Mag schon sein, dass er ganz anders aufgeht, als wir uns das vorstellen oder wünschen. An einer Steilküste entsteht eben kein mähdreschergerechtes Weizenfeld. Und wer von einem ordentlich angelegten japanischen Garten träumt, wird von einer Blumenwiese möglicherweise enttäuscht sein.

Aber kommt es denn darauf an, was wir uns vorstellen? Ich will darauf vertrauen, dass das, was Gott erwartet, auch wirklich geschieht, dass das, was er sät, nicht verloren geht. Da kann das Kraut noch so oft gejätet werden, da mögen noch so widrige Umstände herrschen - Gott und seine Setzlinge werden sich durchsetzen! Darauf vertraue ich. Am Ende wächst es auch auf steinigem Boden.

Enttäuscht werden wir nur sein, wenn wir uns ganz feste Vorstellungen gemacht haben, was am Ende für eine Pflanze entstehen soll. Eltern, die von einer strammen Katholikin als Tochter träumen, werden vielleicht schon fast verzweifeln, wenn die Tochter kaum noch zur Kirche geht, sich aber bei fridays for future leidenschaftlich engagiert. Enttäuscht wird nur, wer sich ganz feste Vorstellungen macht.

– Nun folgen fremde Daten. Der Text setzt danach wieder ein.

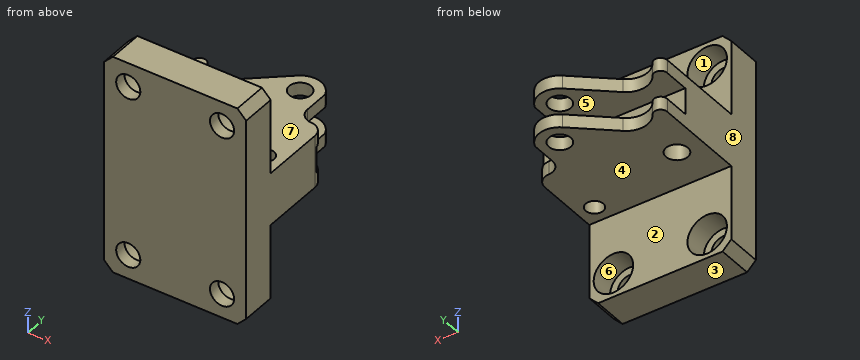
```python
from build123d import *

# Parameters (mm, degrees)
EXTRUDE_1_DEPTH              = 35
SKETCH_2_W                   = 82.468710257
SKETCH_2_H                   = 88.660900106
CUT_EXTRUDE_1_DEPTH          = 40
SKETCH_10_R                  = 2.5
CUT_EXTRUDE_6_DEPTH          = 48.259263975
SKETCH_11_R                  = 2.5
CUT_EXTRUDE_7_DEPTH          = 48.259263975
SKETCH_13_R                  = 2
CUT_EXTRUDE_8_DEPTH          = 48.259263975
FILLET_1_R                   = 3
SKETCH_14_W                  = 32.391015019
SKETCH_14_H                  = 50
EXTRUDE_2_DEPTH              = 8
CHAMFER_1_SIZE               = 2
HOLE_WIZARD_M5_1_D           = 5.5
HOLE_WIZARD_M5_1_CBORE_D     = 9
HOLE_WIZARD_M5_1_CBORE_DEPTH = 5.3


with BuildPart() as part:
    # 草圖1 → 填料-伸長1 (new body)
    with BuildSketch(Plane(origin=(0, 0, 0), x_dir=(0, 0, -1), z_dir=(1, 0, 0))):
        Polygon((-13.9, 3), (-25.9, 3), (-25.9, 38), (-22.9, 38), (-22.9, 18), (-16.9, 18), (-16.9, 38), (-13.9, 38), align=None)
    extrude(amount=-EXTRUDE_1_DEPTH)

    # 草圖2 → 除料-伸長1 (cut)
    with BuildSketch(Plane.XY.offset(13.9)):
        with Locations((-13.573394444, 11.892084287)):
            Rectangle(SKETCH_2_W, SKETCH_2_H)
        with BuildLine():
            Line((-32.391015019, 23.817806702), (-32.391015019, 3))
            Line((-32.391015019, 3), (0, 3))
            Line((0, 3), (0, 20.4))
            Line((0, 20.4), (-2.9, 20.4))
            ThreePointArc((-2.9, 20.4), (-5.021320344, 21.278679656), (-5.9, 23.4))
            Line((-5.9, 23.4), (-5.9, 29.121329309))
            ThreePointArc((-5.9, 29.121329309), (-9.201633351, 32.099001439), (-13.531412968, 31.088891261))
            Line((-13.531412968, 31.088891261), (-22.178800852, 23.645419036))
            ThreePointArc((-22.178800852, 23.645419036), (-26.149318252, 22.485359315), (-29.634828865, 24.712905667))
            ThreePointArc((-29.634828865, 24.712905667), (-31.356390105, 25.322962362), (-32.391015019, 23.817806702))
        make_face(mode=Mode.SUBTRACT)
    extrude(amount=CUT_EXTRUDE_1_DEPTH, mode=Mode.SUBTRACT)

    # 草圖10 → 除料-伸長6 (cut, through all)
    with BuildSketch(Plane.XY.offset(25.9)):
        with Locations((-10.44068936, 27.5)):
            Circle(SKETCH_10_R)
    extrude(amount=-CUT_EXTRUDE_6_DEPTH, mode=Mode.SUBTRACT)

    # 草圖11 → 除料-伸長7 (cut, through all)
    with BuildSketch(Plane.XY.offset(25.9)):
        with Locations((-26.54068936, 12.35)):
            Circle(SKETCH_11_R)
    extrude(amount=-CUT_EXTRUDE_7_DEPTH, mode=Mode.SUBTRACT)

    # 草圖13 → 除料-伸長8 (cut, through all)
    with BuildSketch(Plane.XY.offset(25.9)):
        with Locations((-4, 7)):
            Circle(SKETCH_13_R)
    extrude(amount=-CUT_EXTRUDE_8_DEPTH, mode=Mode.SUBTRACT)

    # 圓角1
    # the kernel refuses this fillet: 3 mm, written as the material it takes off along each edge
    with BuildSketch(Plane(origin=(0, 20.4, 15.402083478), x_dir=(0, -1, 0), z_dir=(0, 0, 1)), Plane(origin=(0, 20.4, 6.402083478), x_dir=(0, -1, 0), z_dir=(0, 0, 1))) as fillet_1_piece_1:
        with BuildLine():
            CenterArc((2.999166609, -3), FILLET_1_R, 90, 89.045026126)
            Line((-0.000416696, -2.95), (-0.300375026, -2.945))
            ThreePointArc((-0.300375026, -2.945), (-0.3, -2.9), (-0.3, 0))
            Line((-0.3, 0), (0, 0.3))
            Line((0, 0.3), (2.999166609, 0.3))
            Line((2.999166609, 0.3), (2.999166609, 0))
        make_face()
    extrude(amount=17.995833044, mode=Mode.SUBTRACT)

    # 草圖14 → 填料-伸長2 (add)
    with BuildSketch(Plane.XZ.offset(-3)):
        with Locations((-16.19550751, 19.9)):
            Rectangle(SKETCH_14_W, SKETCH_14_H)
    extrude(amount=EXTRUDE_2_DEPTH)

    # 導角1
    chamfer_1_edges = [part.edges().sort_by_distance(p)[0] for p in [
        (-32.391015019, -1, -5.1),
        (0, -1, -5.1),
        (-32.391015019, -1, 44.9),
        (0, -1, 44.9),
    ]]
    chamfer(chamfer_1_edges, length=CHAMFER_1_SIZE)

    # M5 內六角圓柱頭螺釘的柱孔1 (through all)
    with Locations(Plane(origin=(0, 3, 0), x_dir=(1, 0, 0), z_dir=(0, 1, 0))):
        with Locations((-26.891015019, -0.4), (-5.5, -0.4), (-5.5, -39.4), (-26.891015019, -39.4)):
            CounterBoreHole(HOLE_WIZARD_M5_1_D / 2, HOLE_WIZARD_M5_1_CBORE_D / 2, HOLE_WIZARD_M5_1_CBORE_DEPTH)


solid = part.part
```
CAD build for the part. Positions are in the model's coordinates, mm. Face numbers are marked on the shaded views. A direction names the side the tool comes from. Round coordinates to 2 decimals unless told otherwise and drop trailing zeros. Order: outer loops, then holes, each group sorted by start corner. A loop starts at its lowest first (then second) coordinate and runs counter-clockwise, first axis right, second up.
Q1. Which spindle directions (+Z, -Z, +X, -X, +Y, -Y) get a long thin tool onto all of the face, cutting with end or side? Do the marked faces 4, 5, 6, 7 and 8. Say none if no direction does.
Q2. Slice it at A-A (z = 39.4). Write the cut outline in (x, y), and give its area (3 significant figures).
Q3. Wall check: L1, parallel to Z at x = -5.5, y = -4.1; L2, parallel to Z at x = -6.5, y = 23.5; L3, parallel to X at y = -0.5, z = 35.5 (3 decimals). Give the ranges that are in metal, low to high.
Q4. Slice it at B-B (y = 12.35). Write the cut outline in (x, z).
Q5. Slice it at D-D (y = 27.5). Write the cut outline in (x, z).
Q6. Slice it at C-C (x = -25). State how many separate pieces and enclosed holes the cut face has, and give its area (3 significant figures).
Q7. Drop flat-ended pins along their axis: pin 1 (6 mm diameter, centred on y = 4, z = 39, fed in from -X); pin 2 (0.9 mm diameter, centred on y = 27, z = 24.5, fed in from +X); pin 3 (11.5 mm diameter, centred on x = -26.89, z = 0.4, fed in from +Y); pin 4 (10 mm diameter, centred on x = -24.5, y = 5, fed in from +Z). Give the stop position or say it passes through.
Q8. Two-plate mould, pull along Z, no slides. Class the marked faces 1, 2 and 3: pulls with the +Z half, pulls with the -Z half, needs draft (parallel to the pull), parting line crosses it, or undercut.
Results below:
1. face 4: -Z, +X, -X, +Y
1. face 5: +X, -X, +Y
1. face 6: +Y
1. face 7: +Z, +X, -X, +Y
1. face 8: +Z, -Z, -X, +Y, -Y
2. outline: (-32.39, -5) - (-29.64, -5) - (-29.64, -2.3) - (-31.39, -2.3) - (-31.39, 3) - (-32.39, 3) - close; (-24.14, -5) - (-8.25, -5) - (-8.25, -2.3) - (-10, -2.3) - (-10, 3) - (-22.39, 3) - (-22.39, -2.3) - (-24.14, -2.3) - close; (-2.75, -5) - (0, -5) - (0, 3) - (-1, 3) - (-1, -2.3) - (-2.75, -2.3) - close
2. area: 134 mm2
3. L1: z = -5.1 to -2.35, 3.15 to 36.65, 42.15 to 44.9
3. L2: z = 13.9 to 16.9, 22.9 to 25.9
3. L3: x = -32.391 to -29.136, -24.646 to -7.745, -3.255 to 0
4. outline: (-32.39, 13.9) - (-29.04, 13.9) - (-29.04, 25.9) - (-32.39, 25.9) - close; (-24.04, 13.9) - (0, 13.9) - (0, 25.9) - (-24.04, 25.9) - close
5. outline: (-17.7, 13.9) - (-12.94, 13.9) - (-12.94, 16.9) - (-17.7, 16.9) - close; (-17.7, 22.9) - (-12.94, 22.9) - (-12.94, 25.9) - (-17.7, 25.9) - close; (-7.94, 13.9) - (-5.9, 13.9) - (-5.9, 16.9) - (-7.94, 16.9) - close; (-7.94, 22.9) - (-5.9, 22.9) - (-5.9, 25.9) - (-7.94, 25.9) - close
6. separate pieces: 4
6. enclosed holes: 0
6. area: 451 mm2
7. pin 1: stops at x = -32.39
7. pin 2: stops at x = -5.9
7. pin 3: stops at y = 3
7. pin 4: stops at z = 44.9
8. face 1: undercut
8. face 2: needs draft
8. face 3: pulls with the -Z half

Was für eine Ahnung haben wir denn letztlich davon, welche Pflanze sich Gott in den Kopf gesetzt hat. Nur darauf aber kommt es an! Er ist der Sämann. Wir können das Wachsen nur begleiten. Und maßen wir uns nicht an, entscheiden zu wollen, was für Gott Nutzpflanzen und was Unkraut zu sein hat.

Was weiß ich denn, von welchem Löwenzahn Gott träumt. In einem aber, da bin ich mir ganz sicher: Dass er am Ende üppig blühen wird.